Provided material Block Start
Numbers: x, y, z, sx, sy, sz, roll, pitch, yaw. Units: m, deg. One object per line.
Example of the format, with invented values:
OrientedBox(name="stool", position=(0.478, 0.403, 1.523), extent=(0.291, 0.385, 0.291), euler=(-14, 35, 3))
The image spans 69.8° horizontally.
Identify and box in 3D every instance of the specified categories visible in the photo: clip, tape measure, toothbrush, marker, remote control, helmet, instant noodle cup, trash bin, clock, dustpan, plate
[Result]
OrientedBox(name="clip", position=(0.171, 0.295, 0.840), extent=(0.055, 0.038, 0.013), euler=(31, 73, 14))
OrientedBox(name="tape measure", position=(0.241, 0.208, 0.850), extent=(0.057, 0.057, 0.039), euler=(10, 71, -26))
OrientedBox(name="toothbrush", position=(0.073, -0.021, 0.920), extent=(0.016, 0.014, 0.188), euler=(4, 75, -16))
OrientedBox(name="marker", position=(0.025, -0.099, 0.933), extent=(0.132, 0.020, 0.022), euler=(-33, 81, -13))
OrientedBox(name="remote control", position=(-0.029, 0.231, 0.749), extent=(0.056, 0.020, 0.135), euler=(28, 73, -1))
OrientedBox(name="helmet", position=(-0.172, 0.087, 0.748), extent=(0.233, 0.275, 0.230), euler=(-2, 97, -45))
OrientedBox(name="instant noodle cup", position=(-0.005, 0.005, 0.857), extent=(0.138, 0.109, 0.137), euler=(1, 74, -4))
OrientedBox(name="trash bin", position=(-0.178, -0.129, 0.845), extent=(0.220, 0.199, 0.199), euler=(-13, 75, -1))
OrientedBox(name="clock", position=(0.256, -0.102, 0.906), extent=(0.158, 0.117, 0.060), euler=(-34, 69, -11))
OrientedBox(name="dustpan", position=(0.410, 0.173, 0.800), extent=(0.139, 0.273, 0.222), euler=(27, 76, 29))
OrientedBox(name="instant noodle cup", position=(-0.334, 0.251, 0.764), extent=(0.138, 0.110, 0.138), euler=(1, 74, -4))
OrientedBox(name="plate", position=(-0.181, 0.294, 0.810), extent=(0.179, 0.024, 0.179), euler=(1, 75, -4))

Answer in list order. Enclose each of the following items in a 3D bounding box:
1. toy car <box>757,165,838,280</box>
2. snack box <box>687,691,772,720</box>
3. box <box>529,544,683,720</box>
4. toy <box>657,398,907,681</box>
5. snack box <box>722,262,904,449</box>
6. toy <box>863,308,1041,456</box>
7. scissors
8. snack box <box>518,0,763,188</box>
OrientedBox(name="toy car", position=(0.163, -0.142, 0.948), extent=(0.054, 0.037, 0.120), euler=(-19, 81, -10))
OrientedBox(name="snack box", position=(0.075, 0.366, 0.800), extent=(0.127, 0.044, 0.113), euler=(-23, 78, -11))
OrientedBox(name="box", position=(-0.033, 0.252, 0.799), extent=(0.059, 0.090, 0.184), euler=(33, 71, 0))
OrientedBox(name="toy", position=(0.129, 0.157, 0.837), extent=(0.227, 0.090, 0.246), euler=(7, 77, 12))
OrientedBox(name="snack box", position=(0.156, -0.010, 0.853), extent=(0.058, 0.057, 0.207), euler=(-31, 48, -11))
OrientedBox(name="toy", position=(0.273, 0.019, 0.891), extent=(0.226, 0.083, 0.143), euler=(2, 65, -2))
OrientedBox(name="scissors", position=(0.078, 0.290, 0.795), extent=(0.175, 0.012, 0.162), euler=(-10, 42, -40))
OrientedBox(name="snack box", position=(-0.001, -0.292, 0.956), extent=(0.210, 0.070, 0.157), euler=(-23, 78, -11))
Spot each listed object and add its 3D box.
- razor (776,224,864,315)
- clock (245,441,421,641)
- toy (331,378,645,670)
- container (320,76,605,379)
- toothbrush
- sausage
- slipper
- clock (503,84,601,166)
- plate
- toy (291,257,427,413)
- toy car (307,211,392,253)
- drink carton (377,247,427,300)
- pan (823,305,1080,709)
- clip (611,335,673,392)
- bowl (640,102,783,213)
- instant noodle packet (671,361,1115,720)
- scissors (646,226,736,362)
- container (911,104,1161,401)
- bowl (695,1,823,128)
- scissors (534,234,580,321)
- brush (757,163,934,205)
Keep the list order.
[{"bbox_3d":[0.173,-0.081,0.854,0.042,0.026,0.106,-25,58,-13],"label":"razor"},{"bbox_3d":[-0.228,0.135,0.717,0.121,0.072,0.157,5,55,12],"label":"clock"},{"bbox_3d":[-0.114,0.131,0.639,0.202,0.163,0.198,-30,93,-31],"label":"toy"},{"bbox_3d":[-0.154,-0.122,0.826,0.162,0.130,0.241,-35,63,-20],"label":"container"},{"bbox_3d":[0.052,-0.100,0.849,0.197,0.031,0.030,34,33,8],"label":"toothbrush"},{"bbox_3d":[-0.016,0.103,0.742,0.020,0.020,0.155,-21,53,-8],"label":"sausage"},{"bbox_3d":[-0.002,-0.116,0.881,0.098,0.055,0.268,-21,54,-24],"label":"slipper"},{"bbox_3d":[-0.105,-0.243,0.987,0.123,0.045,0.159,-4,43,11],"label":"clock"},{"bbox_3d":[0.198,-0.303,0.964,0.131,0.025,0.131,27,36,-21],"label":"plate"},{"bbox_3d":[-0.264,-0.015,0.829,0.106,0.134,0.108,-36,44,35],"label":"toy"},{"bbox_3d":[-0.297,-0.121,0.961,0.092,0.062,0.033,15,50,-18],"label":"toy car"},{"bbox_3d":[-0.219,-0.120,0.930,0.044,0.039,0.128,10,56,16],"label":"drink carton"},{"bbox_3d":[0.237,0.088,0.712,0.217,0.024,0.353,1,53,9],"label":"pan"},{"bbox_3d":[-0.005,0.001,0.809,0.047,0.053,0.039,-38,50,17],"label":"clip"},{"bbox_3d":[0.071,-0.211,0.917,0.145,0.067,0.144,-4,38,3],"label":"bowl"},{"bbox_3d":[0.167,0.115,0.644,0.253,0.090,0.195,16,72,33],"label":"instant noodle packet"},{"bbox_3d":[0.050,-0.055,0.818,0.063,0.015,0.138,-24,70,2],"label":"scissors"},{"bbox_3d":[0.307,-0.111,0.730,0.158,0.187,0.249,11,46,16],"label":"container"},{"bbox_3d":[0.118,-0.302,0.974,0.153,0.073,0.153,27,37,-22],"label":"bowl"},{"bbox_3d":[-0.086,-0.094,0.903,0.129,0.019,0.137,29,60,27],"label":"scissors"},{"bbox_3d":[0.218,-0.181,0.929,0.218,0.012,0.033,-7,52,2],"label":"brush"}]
Provided material Block End
**Required action**
Please reproduce the whole listing exactly, omitting no line.

**Response area**
Numbers: x, y, z, sx, sy, sz, roll, pitch, yaw. Units: m, deg. One object per line.
Example of the format, with invented values:
OrientedBox(name="stool", position=(0.478, 0.403, 1.523), extent=(0.291, 0.385, 0.291), euler=(-14, 35, 3))
The image spans 69.8° horizontally.
Identify and box in 3D every instance of the specified categories visible in the photo: clip, tape measure, toothbrush, marker, remote control, helmet, instant noodle cup, trash bin, clock, dustpan, plate
[Result]
OrientedBox(name="clip", position=(0.171, 0.295, 0.840), extent=(0.055, 0.038, 0.013), euler=(31, 73, 14))
OrientedBox(name="tape measure", position=(0.241, 0.208, 0.850), extent=(0.057, 0.057, 0.039), euler=(10, 71, -26))
OrientedBox(name="toothbrush", position=(0.073, -0.021, 0.920), extent=(0.016, 0.014, 0.188), euler=(4, 75, -16))
OrientedBox(name="marker", position=(0.025, -0.099, 0.933), extent=(0.132, 0.020, 0.022), euler=(-33, 81, -13))
OrientedBox(name="remote control", position=(-0.029, 0.231, 0.749), extent=(0.056, 0.020, 0.135), euler=(28, 73, -1))
OrientedBox(name="helmet", position=(-0.172, 0.087, 0.748), extent=(0.233, 0.275, 0.230), euler=(-2, 97, -45))
OrientedBox(name="instant noodle cup", position=(-0.005, 0.005, 0.857), extent=(0.138, 0.109, 0.137), euler=(1, 74, -4))
OrientedBox(name="trash bin", position=(-0.178, -0.129, 0.845), extent=(0.220, 0.199, 0.199), euler=(-13, 75, -1))
OrientedBox(name="clock", position=(0.256, -0.102, 0.906), extent=(0.158, 0.117, 0.060), euler=(-34, 69, -11))
OrientedBox(name="dustpan", position=(0.410, 0.173, 0.800), extent=(0.139, 0.273, 0.222), euler=(27, 76, 29))
OrientedBox(name="instant noodle cup", position=(-0.334, 0.251, 0.764), extent=(0.138, 0.110, 0.138), euler=(1, 74, -4))
OrientedBox(name="plate", position=(-0.181, 0.294, 0.810), extent=(0.179, 0.024, 0.179), euler=(1, 75, -4))

Answer in list order. Enclose each of the following items in a 3D bounding box:
1. toy car <box>757,165,838,280</box>
2. snack box <box>687,691,772,720</box>
3. box <box>529,544,683,720</box>
4. toy <box>657,398,907,681</box>
5. snack box <box>722,262,904,449</box>
6. toy <box>863,308,1041,456</box>
7. scissors
8. snack box <box>518,0,763,188</box>
OrientedBox(name="toy car", position=(0.163, -0.142, 0.948), extent=(0.054, 0.037, 0.120), euler=(-19, 81, -10))
OrientedBox(name="snack box", position=(0.075, 0.366, 0.800), extent=(0.127, 0.044, 0.113), euler=(-23, 78, -11))
OrientedBox(name="box", position=(-0.033, 0.252, 0.799), extent=(0.059, 0.090, 0.184), euler=(33, 71, 0))
OrientedBox(name="toy", position=(0.129, 0.157, 0.837), extent=(0.227, 0.090, 0.246), euler=(7, 77, 12))
OrientedBox(name="snack box", position=(0.156, -0.010, 0.853), extent=(0.058, 0.057, 0.207), euler=(-31, 48, -11))
OrientedBox(name="toy", position=(0.273, 0.019, 0.891), extent=(0.226, 0.083, 0.143), euler=(2, 65, -2))
OrientedBox(name="scissors", position=(0.078, 0.290, 0.795), extent=(0.175, 0.012, 0.162), euler=(-10, 42, -40))
OrientedBox(name="snack box", position=(-0.001, -0.292, 0.956), extent=(0.210, 0.070, 0.157), euler=(-23, 78, -11))
Spot each listed object and add its 3D box.
- razor (776,224,864,315)
- clock (245,441,421,641)
- toy (331,378,645,670)
- container (320,76,605,379)
- toothbrush
- sausage
- slipper
- clock (503,84,601,166)
- plate
- toy (291,257,427,413)
- toy car (307,211,392,253)
- drink carton (377,247,427,300)
- pan (823,305,1080,709)
- clip (611,335,673,392)
- bowl (640,102,783,213)
- instant noodle packet (671,361,1115,720)
- scissors (646,226,736,362)
- container (911,104,1161,401)
- bowl (695,1,823,128)
- scissors (534,234,580,321)
- brush (757,163,934,205)
Keep the list order.
[{"bbox_3d":[0.173,-0.081,0.854,0.042,0.026,0.106,-25,58,-13],"label":"razor"},{"bbox_3d":[-0.228,0.135,0.717,0.121,0.072,0.157,5,55,12],"label":"clock"},{"bbox_3d":[-0.114,0.131,0.639,0.202,0.163,0.198,-30,93,-31],"label":"toy"},{"bbox_3d":[-0.154,-0.122,0.826,0.162,0.130,0.241,-35,63,-20],"label":"container"},{"bbox_3d":[0.052,-0.100,0.849,0.197,0.031,0.030,34,33,8],"label":"toothbrush"},{"bbox_3d":[-0.016,0.103,0.742,0.020,0.020,0.155,-21,53,-8],"label":"sausage"},{"bbox_3d":[-0.002,-0.116,0.881,0.098,0.055,0.268,-21,54,-24],"label":"slipper"},{"bbox_3d":[-0.105,-0.243,0.987,0.123,0.045,0.159,-4,43,11],"label":"clock"},{"bbox_3d":[0.198,-0.303,0.964,0.131,0.025,0.131,27,36,-21],"label":"plate"},{"bbox_3d":[-0.264,-0.015,0.829,0.106,0.134,0.108,-36,44,35],"label":"toy"},{"bbox_3d":[-0.297,-0.121,0.961,0.092,0.062,0.033,15,50,-18],"label":"toy car"},{"bbox_3d":[-0.219,-0.120,0.930,0.044,0.039,0.128,10,56,16],"label":"drink carton"},{"bbox_3d":[0.237,0.088,0.712,0.217,0.024,0.353,1,53,9],"label":"pan"},{"bbox_3d":[-0.005,0.001,0.809,0.047,0.053,0.039,-38,50,17],"label":"clip"},{"bbox_3d":[0.071,-0.211,0.917,0.145,0.067,0.144,-4,38,3],"label":"bowl"},{"bbox_3d":[0.167,0.115,0.644,0.253,0.090,0.195,16,72,33],"label":"instant noodle packet"},{"bbox_3d":[0.050,-0.055,0.818,0.063,0.015,0.138,-24,70,2],"label":"scissors"},{"bbox_3d":[0.307,-0.111,0.730,0.158,0.187,0.249,11,46,16],"label":"container"},{"bbox_3d":[0.118,-0.302,0.974,0.153,0.073,0.153,27,37,-22],"label":"bowl"},{"bbox_3d":[-0.086,-0.094,0.903,0.129,0.019,0.137,29,60,27],"label":"scissors"},{"bbox_3d":[0.218,-0.181,0.929,0.218,0.012,0.033,-7,52,2],"label":"brush"}]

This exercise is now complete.